Looks like a 24” bike?


----------



## GTs58 (Aug 9, 2021)

I count 36 spokes.


----------



## SKPC (Aug 10, 2021)

Many times, things are not what they seem.  I would be very careful counting those spokes!


----------



## GTs58 (Aug 10, 2021)

SKPC said:


> Many times, things are not what they seem.  I would be very careful counting those spokes!



 I counted them three times.  🤣  Some of the early Sting Rays had 36 spoke S-2's 😉


----------



## coasterbrakejunkie1969 (Aug 10, 2021)

What say ye @AntonyR ?That is a 26"?


----------



## SKPC (Aug 11, 2021)

Not sure this is a Shelby frame?  Appears to be a 40 Shelby sprocket though...The bike does have 36 spokes!....😑


----------



## BFGforme (Aug 11, 2021)

Looks 26"


----------



## AntonyR (Aug 14, 2021)

Yes it’s a 26 and a Shelby built bike. It went for $425 plus fees so i almost stayed in but the truth is, I don’t ride the bikes I have enough to justify buying another.

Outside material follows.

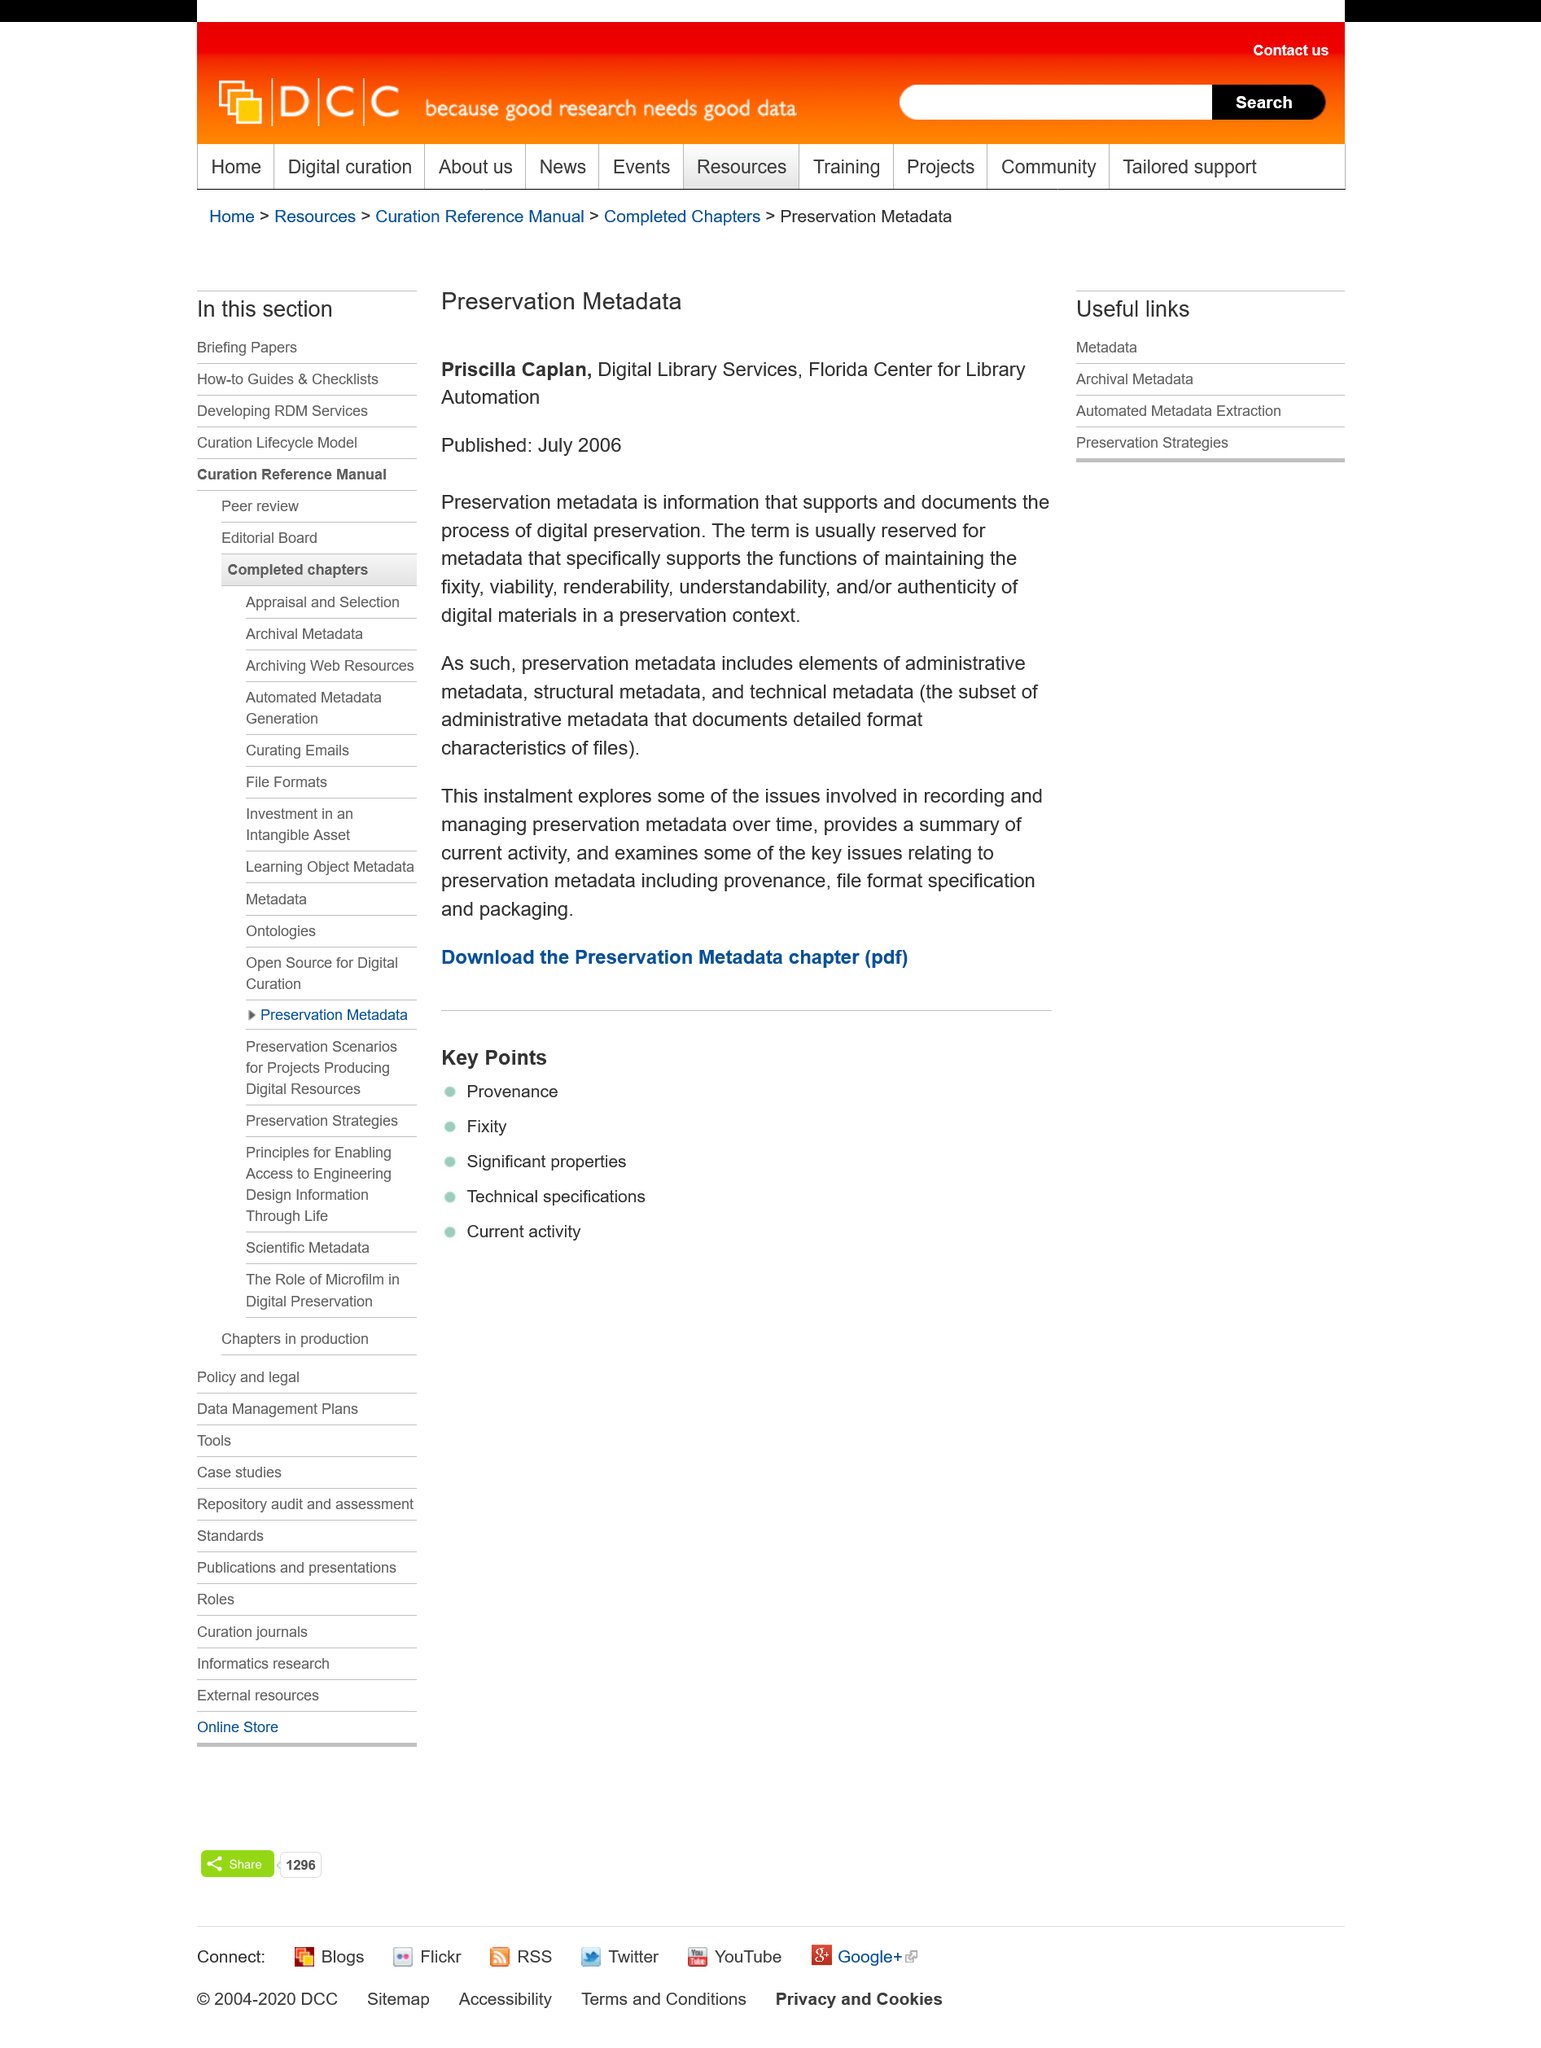Mention a couple of crucial points in this snapshot. The content was published on July 2006. Digital preservation metadata is information that is used to support and document the process of preserving digital assets. Preservation metadata includes elements such as administrative metadata, structural metadata, and technical metadata that are used to describe and manage digital content for long-term preservation purposes.

But still, it was a good looking rider.


----------



## Adamtinkerer (Aug 14, 2021)

I'm seeing repop grips, aftermarket lights & rack, rims & fenders look repainted.


----------



## Freqman1 (Aug 14, 2021)

AntonyR said:


> Yes it’s a 26 and a Shelby built bike. It went for $425 plus fees so i almost stayed in but the truth is, I don’t ride the bikes I have enough to justify buying another. But still, it was a good looking rider.



That was way over the money-wise to pass. V/r Shawn


----------



## nightrider (Aug 14, 2021)

I have never seen drop stand ears on that era Shelby's.  Or a 26" frame like that.
But what do I know?!
Johnny


----------



## kostnerave (Aug 16, 2021)

Sting-ray collectors would give decent money for those clear reflector pedals, even though they're wrong for that bike.


----------



## saladshooter (Aug 16, 2021)

nightrider said:


> I have never seen drop stand ears on that era Shelby's.  Or a 26" frame like that.
> But what do I know?!
> Johnny



Here are a couple with ears. Most don't though. Not sure if the OP bike is Shelby however.


----------



## kreika (Aug 16, 2021)

saladshooter said:


> Here are a couple with ears. Most don't though. Not sure if the OP bike is Shelby however.
> View attachment 1463519
> 
> View attachment 1463523



Was thinking the same thing. Not a Y frame. Not the style frame that takes the tear drop looking tank that doesn’t extend past the frame.  Not the 52a style. Late or low end model?


----------



## nightrider (Aug 16, 2021)

saladshooter said:


> Here are a couple with ears. Most don't though. Not sure if the OP bike is Shelby however.
> View attachment 1463519
> 
> View attachment 1463523



Thank you! Always learning! I have 6 30's Shelby ballooners. None have had the ears.


----------



## AntonyR (Aug 23, 2021)

Shelby built a lot of plain wrap bikes for other companies, like department stores, hardware stores, etc. There's quite a few late '30 Shelby frames wearing an assortment of badges. Some with drop stand ears, some with split top tubes at the seat post.


----------



## THEGOLDENGREEK (Aug 23, 2021)

Here my original Shelby with factory ears in the frame and its original drop stand !


----------